Dans la liste des innombrables dossiers répertoriés dans son ordinateur, un jour qu'il voulait faire le ménage, il trouva Trahir, intitulé intrigant, et il s'empressa de l'ouvrir, mais il n'y avait rien. Pas une ligne. Page blanche. Il consulta la date de constitution et il remonta à plus de quatre ans. Il chercha dans sa mémoire les traces du moindre souvenir concernant cette étrange entreprise ; il échoua. Comme si la matière même de l'écran blanc avait pu remédier à cette catastrophe, à ce défaut d'inventaire, il rouvrit le dossier. Etait-ce, à l'origine, une nouvelle ? Un texte politique ? Une humeur ? Une analyse ? Tout était vide. Trahir. La forme infinitive ne l'aidait en rien. Un participe passé, trahi ou trahie, avait en germe un sujet, un être potentiel, sur lequel greffer une histoire. Il supposait au moins une victime, pour faire simple, et un coupable, un bon et un mauvais rôles. De là, il était envisageable d'élaborer un scénario, plus ou moins classique, plus ou moins convenu, puisque le sujet lui-même n'avait rien d'original. La littérature et l'Histoire se résumaient, sous un certain angle, à la litanie des confiances bafouées. Mais trahir ? Une action. Un projet peut-être. Ou, qui sait ?, une philosophie... Il fouilla sa vie pour y trouver des désirs de stratagèmes, de coups foireux à fomenter, de haines à satisfaire. Il lui fallait être de bonne foi et reconnaître que certaines inimitiés l'avaient tenté. Néanmoins, il n'en avait, en conscience, rien fait. La platitude de son existence ne laissait pas la place à une telle entreprise. Ceux et celles qu'il n'avait pas revus, il devait cette situation aux aléas du monde, à la lassitude et à une forme très courante de fatalisme. Il ne se souvenait pas avoir eu des envies quelconques pour explorer ce point particulier. C'était pourtant plausible. La psychologie, la philosophie des sentiments, l'exploration des affects étaient dans l'air du temps. On dissertait sur l'amour, la honte, la convivialité, la détresse, l'amitié. Tout passait à la moulinette des lieux communs, sous le signe de la volonté de comprendre le monde pour le rendre meilleur.

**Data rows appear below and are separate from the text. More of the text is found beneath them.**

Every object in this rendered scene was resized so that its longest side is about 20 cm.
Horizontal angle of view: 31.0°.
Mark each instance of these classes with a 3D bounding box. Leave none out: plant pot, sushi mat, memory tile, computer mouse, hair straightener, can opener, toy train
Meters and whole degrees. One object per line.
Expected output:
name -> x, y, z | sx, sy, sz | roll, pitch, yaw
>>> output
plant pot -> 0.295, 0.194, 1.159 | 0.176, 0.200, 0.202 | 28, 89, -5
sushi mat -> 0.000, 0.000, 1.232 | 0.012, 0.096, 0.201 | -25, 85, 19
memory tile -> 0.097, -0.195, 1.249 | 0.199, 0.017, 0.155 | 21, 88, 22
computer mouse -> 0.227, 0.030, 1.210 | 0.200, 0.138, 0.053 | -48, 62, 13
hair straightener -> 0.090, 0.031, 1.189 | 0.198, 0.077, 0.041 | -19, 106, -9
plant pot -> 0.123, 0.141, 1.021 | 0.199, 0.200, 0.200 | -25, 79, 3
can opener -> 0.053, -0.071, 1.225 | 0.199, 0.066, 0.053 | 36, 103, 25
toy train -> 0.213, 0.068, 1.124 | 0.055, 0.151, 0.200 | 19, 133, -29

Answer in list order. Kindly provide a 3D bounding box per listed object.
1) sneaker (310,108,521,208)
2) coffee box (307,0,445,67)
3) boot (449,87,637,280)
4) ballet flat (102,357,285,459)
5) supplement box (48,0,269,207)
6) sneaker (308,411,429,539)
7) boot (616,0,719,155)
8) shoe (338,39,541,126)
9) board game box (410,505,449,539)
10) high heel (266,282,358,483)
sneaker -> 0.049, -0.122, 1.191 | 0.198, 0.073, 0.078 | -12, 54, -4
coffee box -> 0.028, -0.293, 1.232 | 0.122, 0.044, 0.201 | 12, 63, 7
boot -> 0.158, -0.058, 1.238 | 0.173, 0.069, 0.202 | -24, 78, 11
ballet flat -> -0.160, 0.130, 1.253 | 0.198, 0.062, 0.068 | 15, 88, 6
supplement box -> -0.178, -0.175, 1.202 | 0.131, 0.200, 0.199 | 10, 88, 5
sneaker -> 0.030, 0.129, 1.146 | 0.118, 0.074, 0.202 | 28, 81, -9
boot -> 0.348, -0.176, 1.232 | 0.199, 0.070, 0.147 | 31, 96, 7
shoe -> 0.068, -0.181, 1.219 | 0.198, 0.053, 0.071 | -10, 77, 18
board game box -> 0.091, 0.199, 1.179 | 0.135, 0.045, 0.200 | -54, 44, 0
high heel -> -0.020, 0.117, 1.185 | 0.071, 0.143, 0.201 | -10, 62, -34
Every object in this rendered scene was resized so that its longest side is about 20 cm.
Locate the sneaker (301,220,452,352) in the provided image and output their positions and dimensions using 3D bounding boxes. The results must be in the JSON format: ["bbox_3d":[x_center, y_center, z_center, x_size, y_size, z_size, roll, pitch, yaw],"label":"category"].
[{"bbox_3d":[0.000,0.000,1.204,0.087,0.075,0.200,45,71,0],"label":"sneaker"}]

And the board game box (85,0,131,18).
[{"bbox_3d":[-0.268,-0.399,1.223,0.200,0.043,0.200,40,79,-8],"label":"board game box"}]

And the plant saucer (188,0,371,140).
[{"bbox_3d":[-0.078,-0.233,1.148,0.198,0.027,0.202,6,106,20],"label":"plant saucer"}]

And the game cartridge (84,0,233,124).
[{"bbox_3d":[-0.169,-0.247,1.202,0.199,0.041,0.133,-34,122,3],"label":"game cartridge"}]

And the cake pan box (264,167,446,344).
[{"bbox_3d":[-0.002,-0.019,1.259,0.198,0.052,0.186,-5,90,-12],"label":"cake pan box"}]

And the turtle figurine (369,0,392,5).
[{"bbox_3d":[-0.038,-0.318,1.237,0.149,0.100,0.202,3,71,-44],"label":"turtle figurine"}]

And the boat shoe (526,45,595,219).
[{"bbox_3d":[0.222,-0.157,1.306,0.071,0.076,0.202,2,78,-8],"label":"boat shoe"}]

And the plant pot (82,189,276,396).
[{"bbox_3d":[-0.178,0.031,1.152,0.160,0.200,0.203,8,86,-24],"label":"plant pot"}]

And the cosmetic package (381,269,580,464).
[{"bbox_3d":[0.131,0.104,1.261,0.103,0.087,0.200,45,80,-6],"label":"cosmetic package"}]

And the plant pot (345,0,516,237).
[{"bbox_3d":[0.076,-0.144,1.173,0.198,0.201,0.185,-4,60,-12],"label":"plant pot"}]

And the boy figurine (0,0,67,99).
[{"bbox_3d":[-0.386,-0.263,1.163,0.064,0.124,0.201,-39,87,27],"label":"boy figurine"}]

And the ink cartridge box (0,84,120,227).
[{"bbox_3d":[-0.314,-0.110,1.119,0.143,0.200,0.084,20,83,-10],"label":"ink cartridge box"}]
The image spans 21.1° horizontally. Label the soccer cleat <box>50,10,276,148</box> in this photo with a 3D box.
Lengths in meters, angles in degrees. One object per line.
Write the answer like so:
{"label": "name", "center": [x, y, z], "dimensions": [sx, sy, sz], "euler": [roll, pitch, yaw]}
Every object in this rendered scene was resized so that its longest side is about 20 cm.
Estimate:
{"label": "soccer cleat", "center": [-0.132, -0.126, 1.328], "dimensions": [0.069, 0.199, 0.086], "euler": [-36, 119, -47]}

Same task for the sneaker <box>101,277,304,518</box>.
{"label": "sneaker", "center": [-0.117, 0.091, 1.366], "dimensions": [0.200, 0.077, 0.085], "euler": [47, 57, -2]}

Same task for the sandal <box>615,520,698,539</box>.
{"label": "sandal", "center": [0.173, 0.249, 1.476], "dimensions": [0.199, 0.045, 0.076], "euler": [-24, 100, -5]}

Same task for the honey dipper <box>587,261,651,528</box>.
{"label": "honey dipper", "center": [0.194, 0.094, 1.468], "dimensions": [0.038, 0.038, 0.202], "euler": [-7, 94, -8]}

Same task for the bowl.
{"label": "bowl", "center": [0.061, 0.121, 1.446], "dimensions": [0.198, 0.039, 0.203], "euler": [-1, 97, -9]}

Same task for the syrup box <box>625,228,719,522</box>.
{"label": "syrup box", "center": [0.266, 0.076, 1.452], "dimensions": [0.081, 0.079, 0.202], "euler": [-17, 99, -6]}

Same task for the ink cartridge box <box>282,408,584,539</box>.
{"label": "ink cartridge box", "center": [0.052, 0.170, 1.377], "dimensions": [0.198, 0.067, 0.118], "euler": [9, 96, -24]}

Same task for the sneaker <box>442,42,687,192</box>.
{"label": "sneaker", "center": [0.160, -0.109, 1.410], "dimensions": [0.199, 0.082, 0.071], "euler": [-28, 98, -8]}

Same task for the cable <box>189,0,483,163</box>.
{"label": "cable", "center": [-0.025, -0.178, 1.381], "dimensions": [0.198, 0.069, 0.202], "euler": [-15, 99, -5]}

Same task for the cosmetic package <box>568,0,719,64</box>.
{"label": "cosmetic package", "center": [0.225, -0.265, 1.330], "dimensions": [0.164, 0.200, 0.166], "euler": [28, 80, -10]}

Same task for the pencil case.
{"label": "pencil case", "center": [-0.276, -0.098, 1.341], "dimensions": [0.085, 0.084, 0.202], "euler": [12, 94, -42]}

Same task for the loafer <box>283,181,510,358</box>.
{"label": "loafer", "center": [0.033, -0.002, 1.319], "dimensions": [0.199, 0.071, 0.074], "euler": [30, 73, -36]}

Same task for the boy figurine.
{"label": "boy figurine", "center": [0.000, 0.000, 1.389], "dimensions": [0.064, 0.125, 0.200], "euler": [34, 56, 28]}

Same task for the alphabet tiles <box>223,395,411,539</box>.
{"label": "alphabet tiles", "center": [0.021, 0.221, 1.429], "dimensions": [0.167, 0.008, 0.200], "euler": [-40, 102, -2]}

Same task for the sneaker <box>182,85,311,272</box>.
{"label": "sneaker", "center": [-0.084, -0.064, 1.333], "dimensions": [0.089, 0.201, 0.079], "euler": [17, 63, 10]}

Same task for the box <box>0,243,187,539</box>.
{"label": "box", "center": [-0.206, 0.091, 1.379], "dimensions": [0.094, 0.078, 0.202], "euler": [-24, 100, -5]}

Il y avait depuis quelques décennies une aspiration très paradoxale à espérer quand tout participait à consolider la désolation.
Trahir, mentir, bannir...
Pourquoi le premier et pas les deux autres ? Qu'aurait-il pu dire, lui, sur la trahison ? Que diriez-vous ? Vous avez tiré ce sujet à un examen et vous avez deux heures de préparation. Envisager ce petit mystère à l'aune du piège des notations et des colles débiles le dégoûta. Il ne pouvait en être ainsi.
Trahir, mentir, bannir...
Il venait de taper les trois mots de cet univers suspendu depuis si longtemps, qui ne demandait qu'à vivre, ou à mourir. Pourquoi se sentir obligé ?
Il y avait un plaisir du verbe, nécessairement. Les trois, deux syllabes à chaque fois, un hexamètre pour commencer, et il sentit que l'ordre devait d'ailleurs être changé. Mentir, trahir, bannir... Les trois temps d'une lente maturation, entre deux personnages. Il écrivit quelques lignes, qu'il relut, avec une certaine satisfaction. Il ferma le dossier. Il était pressé par le monde. Quelques jours plus tard, il y revint et tout lui sembla terriblement mauvais. Ce fut à nouveau la page blanche. Hors le titre qui, lui, n'avait pas changé et dont il ne savait pourquoi il sentait, dans l'intime, qu'un jour ou l'autre il saurait en faire bon usage...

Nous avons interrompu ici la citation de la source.